_WHAT IS BEING ASKED_.
Return a faithful copy of all the entries, omitting the images.

-- PROVIDED RECORDS follows --

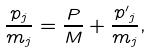Convert formula to latex. <formula><loc_0><loc_0><loc_500><loc_500>\frac { p _ { j } } { m _ { j } } = \frac { P } { M } + \frac { { p ^ { \prime } } _ { j } } { m _ { j } } ,</formula> 
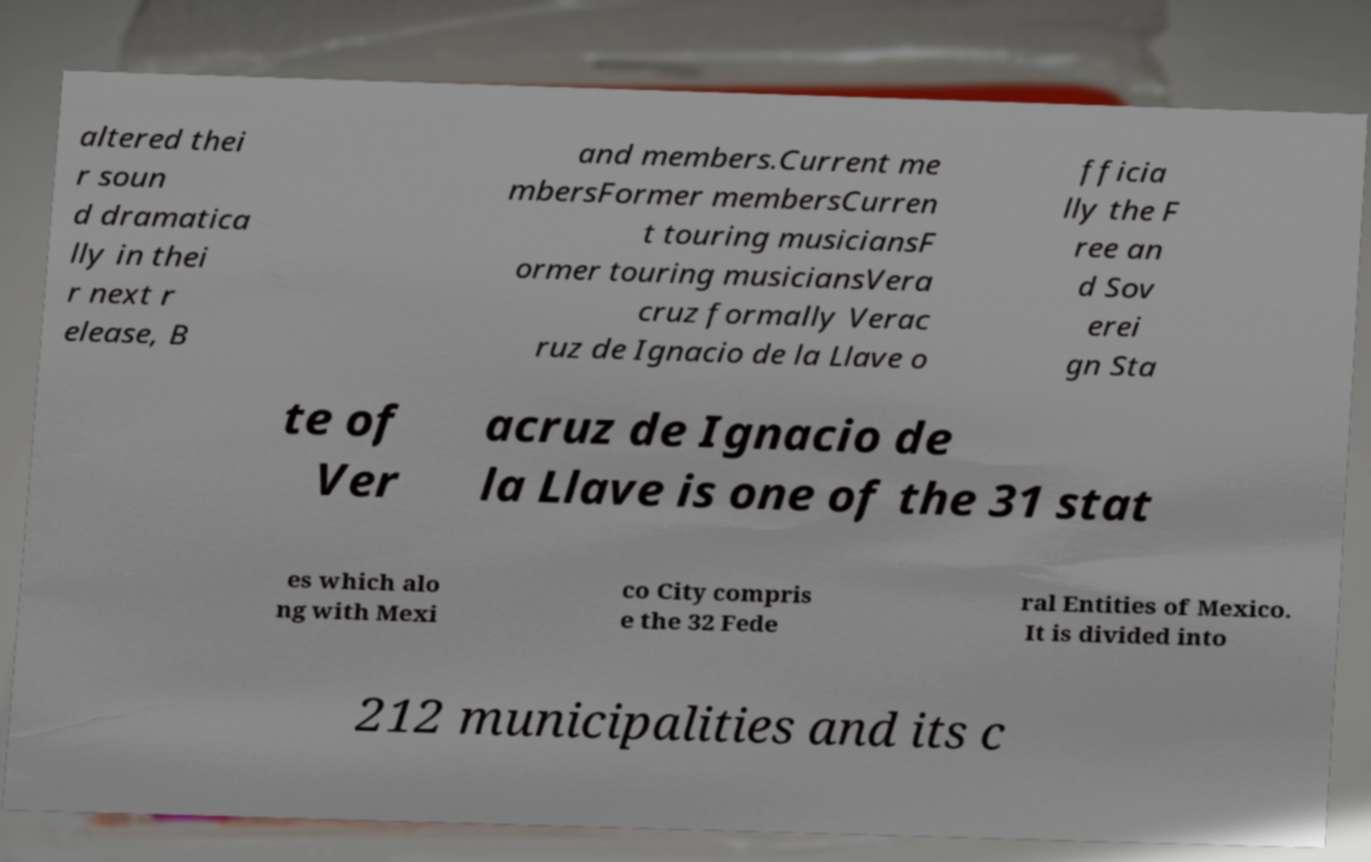What messages or text are displayed in this image? I need them in a readable, typed format. altered thei r soun d dramatica lly in thei r next r elease, B and members.Current me mbersFormer membersCurren t touring musiciansF ormer touring musiciansVera cruz formally Verac ruz de Ignacio de la Llave o fficia lly the F ree an d Sov erei gn Sta te of Ver acruz de Ignacio de la Llave is one of the 31 stat es which alo ng with Mexi co City compris e the 32 Fede ral Entities of Mexico. It is divided into 212 municipalities and its c 
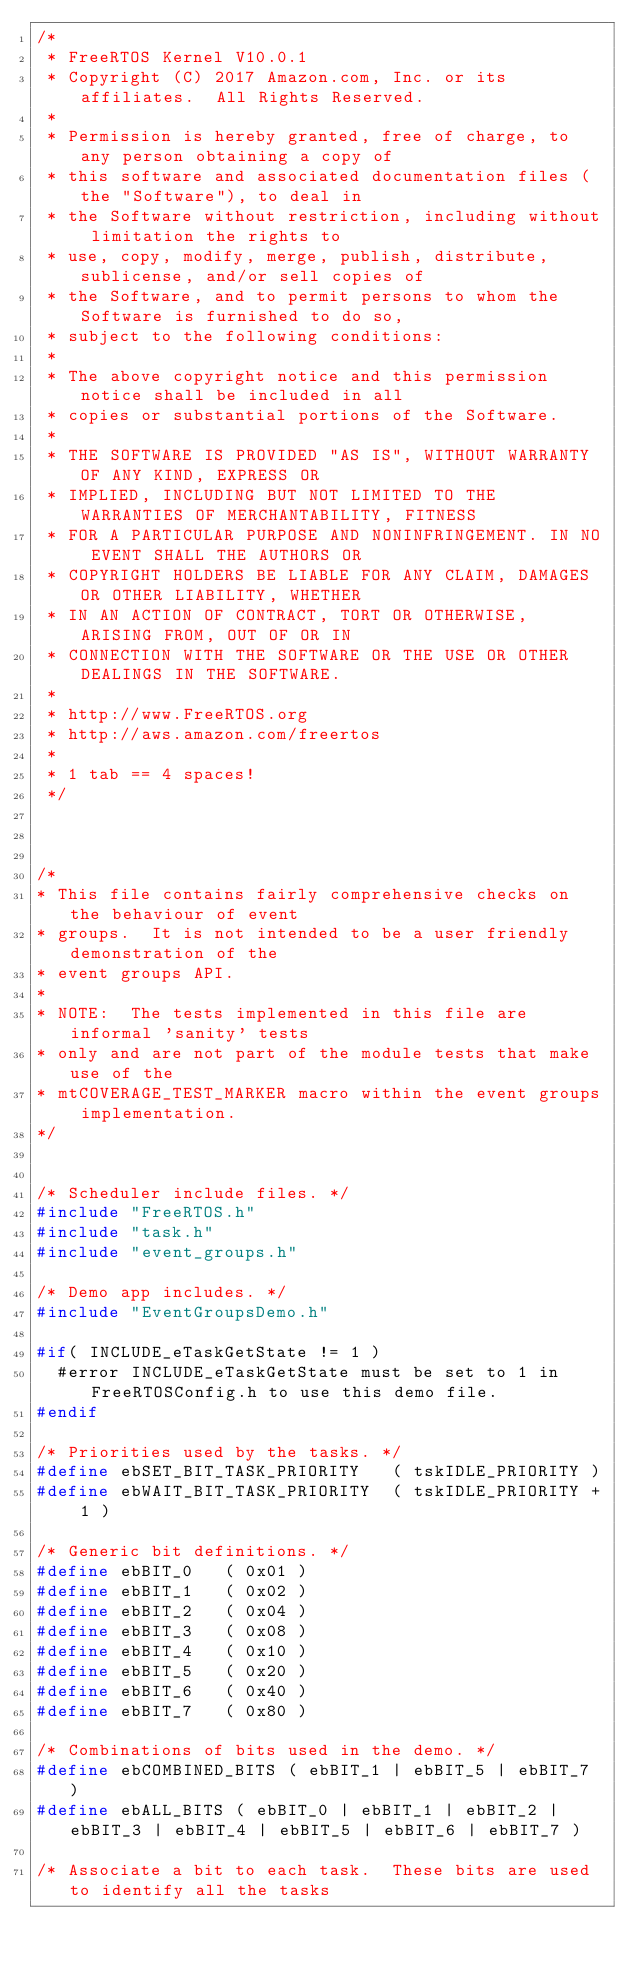Convert code to text. <code><loc_0><loc_0><loc_500><loc_500><_C_>/*
 * FreeRTOS Kernel V10.0.1
 * Copyright (C) 2017 Amazon.com, Inc. or its affiliates.  All Rights Reserved.
 *
 * Permission is hereby granted, free of charge, to any person obtaining a copy of
 * this software and associated documentation files (the "Software"), to deal in
 * the Software without restriction, including without limitation the rights to
 * use, copy, modify, merge, publish, distribute, sublicense, and/or sell copies of
 * the Software, and to permit persons to whom the Software is furnished to do so,
 * subject to the following conditions:
 *
 * The above copyright notice and this permission notice shall be included in all
 * copies or substantial portions of the Software.
 *
 * THE SOFTWARE IS PROVIDED "AS IS", WITHOUT WARRANTY OF ANY KIND, EXPRESS OR
 * IMPLIED, INCLUDING BUT NOT LIMITED TO THE WARRANTIES OF MERCHANTABILITY, FITNESS
 * FOR A PARTICULAR PURPOSE AND NONINFRINGEMENT. IN NO EVENT SHALL THE AUTHORS OR
 * COPYRIGHT HOLDERS BE LIABLE FOR ANY CLAIM, DAMAGES OR OTHER LIABILITY, WHETHER
 * IN AN ACTION OF CONTRACT, TORT OR OTHERWISE, ARISING FROM, OUT OF OR IN
 * CONNECTION WITH THE SOFTWARE OR THE USE OR OTHER DEALINGS IN THE SOFTWARE.
 *
 * http://www.FreeRTOS.org
 * http://aws.amazon.com/freertos
 *
 * 1 tab == 4 spaces!
 */



/*
* This file contains fairly comprehensive checks on the behaviour of event
* groups.  It is not intended to be a user friendly demonstration of the
* event groups API.
*
* NOTE:  The tests implemented in this file are informal 'sanity' tests
* only and are not part of the module tests that make use of the
* mtCOVERAGE_TEST_MARKER macro within the event groups implementation.
*/


/* Scheduler include files. */
#include "FreeRTOS.h"
#include "task.h"
#include "event_groups.h"

/* Demo app includes. */
#include "EventGroupsDemo.h"

#if( INCLUDE_eTaskGetState != 1 )
	#error INCLUDE_eTaskGetState must be set to 1 in FreeRTOSConfig.h to use this demo file.
#endif

/* Priorities used by the tasks. */
#define ebSET_BIT_TASK_PRIORITY		( tskIDLE_PRIORITY )
#define ebWAIT_BIT_TASK_PRIORITY	( tskIDLE_PRIORITY + 1 )

/* Generic bit definitions. */
#define ebBIT_0		( 0x01 )
#define ebBIT_1		( 0x02 )
#define ebBIT_2		( 0x04 )
#define ebBIT_3		( 0x08 )
#define ebBIT_4		( 0x10 )
#define ebBIT_5		( 0x20 )
#define ebBIT_6		( 0x40 )
#define ebBIT_7		( 0x80 )

/* Combinations of bits used in the demo. */
#define ebCOMBINED_BITS ( ebBIT_1 | ebBIT_5 | ebBIT_7 )
#define ebALL_BITS ( ebBIT_0 | ebBIT_1 | ebBIT_2 | ebBIT_3 | ebBIT_4 | ebBIT_5 | ebBIT_6 | ebBIT_7 )

/* Associate a bit to each task.  These bits are used to identify all the tasks</code>

-- PROVIDED RECORDS concluded --

_OUTPUT FOR THIS EXERCISE_.
Convert formula to latex. <formula><loc_0><loc_0><loc_500><loc_500>\frac { p _ { j } } { m _ { j } } = \frac { P } { M } + \frac { { p ^ { \prime } } _ { j } } { m _ { j } } ,</formula> 
What messages or text are displayed in this image? I need them in a readable, typed format. altered thei r soun d dramatica lly in thei r next r elease, B and members.Current me mbersFormer membersCurren t touring musiciansF ormer touring musiciansVera cruz formally Verac ruz de Ignacio de la Llave o fficia lly the F ree an d Sov erei gn Sta te of Ver acruz de Ignacio de la Llave is one of the 31 stat es which alo ng with Mexi co City compris e the 32 Fede ral Entities of Mexico. It is divided into 212 municipalities and its c 
Convert code to text. <code><loc_0><loc_0><loc_500><loc_500><_C_>/*
 * FreeRTOS Kernel V10.0.1
 * Copyright (C) 2017 Amazon.com, Inc. or its affiliates.  All Rights Reserved.
 *
 * Permission is hereby granted, free of charge, to any person obtaining a copy of
 * this software and associated documentation files (the "Software"), to deal in
 * the Software without restriction, including without limitation the rights to
 * use, copy, modify, merge, publish, distribute, sublicense, and/or sell copies of
 * the Software, and to permit persons to whom the Software is furnished to do so,
 * subject to the following conditions:
 *
 * The above copyright notice and this permission notice shall be included in all
 * copies or substantial portions of the Software.
 *
 * THE SOFTWARE IS PROVIDED "AS IS", WITHOUT WARRANTY OF ANY KIND, EXPRESS OR
 * IMPLIED, INCLUDING BUT NOT LIMITED TO THE WARRANTIES OF MERCHANTABILITY, FITNESS
 * FOR A PARTICULAR PURPOSE AND NONINFRINGEMENT. IN NO EVENT SHALL THE AUTHORS OR
 * COPYRIGHT HOLDERS BE LIABLE FOR ANY CLAIM, DAMAGES OR OTHER LIABILITY, WHETHER
 * IN AN ACTION OF CONTRACT, TORT OR OTHERWISE, ARISING FROM, OUT OF OR IN
 * CONNECTION WITH THE SOFTWARE OR THE USE OR OTHER DEALINGS IN THE SOFTWARE.
 *
 * http://www.FreeRTOS.org
 * http://aws.amazon.com/freertos
 *
 * 1 tab == 4 spaces!
 */



/*
* This file contains fairly comprehensive checks on the behaviour of event
* groups.  It is not intended to be a user friendly demonstration of the
* event groups API.
*
* NOTE:  The tests implemented in this file are informal 'sanity' tests
* only and are not part of the module tests that make use of the
* mtCOVERAGE_TEST_MARKER macro within the event groups implementation.
*/


/* Scheduler include files. */
#include "FreeRTOS.h"
#include "task.h"
#include "event_groups.h"

/* Demo app includes. */
#include "EventGroupsDemo.h"

#if( INCLUDE_eTaskGetState != 1 )
	#error INCLUDE_eTaskGetState must be set to 1 in FreeRTOSConfig.h to use this demo file.
#endif

/* Priorities used by the tasks. */
#define ebSET_BIT_TASK_PRIORITY		( tskIDLE_PRIORITY )
#define ebWAIT_BIT_TASK_PRIORITY	( tskIDLE_PRIORITY + 1 )

/* Generic bit definitions. */
#define ebBIT_0		( 0x01 )
#define ebBIT_1		( 0x02 )
#define ebBIT_2		( 0x04 )
#define ebBIT_3		( 0x08 )
#define ebBIT_4		( 0x10 )
#define ebBIT_5		( 0x20 )
#define ebBIT_6		( 0x40 )
#define ebBIT_7		( 0x80 )

/* Combinations of bits used in the demo. */
#define ebCOMBINED_BITS ( ebBIT_1 | ebBIT_5 | ebBIT_7 )
#define ebALL_BITS ( ebBIT_0 | ebBIT_1 | ebBIT_2 | ebBIT_3 | ebBIT_4 | ebBIT_5 | ebBIT_6 | ebBIT_7 )

/* Associate a bit to each task.  These bits are used to identify all the tasks</code>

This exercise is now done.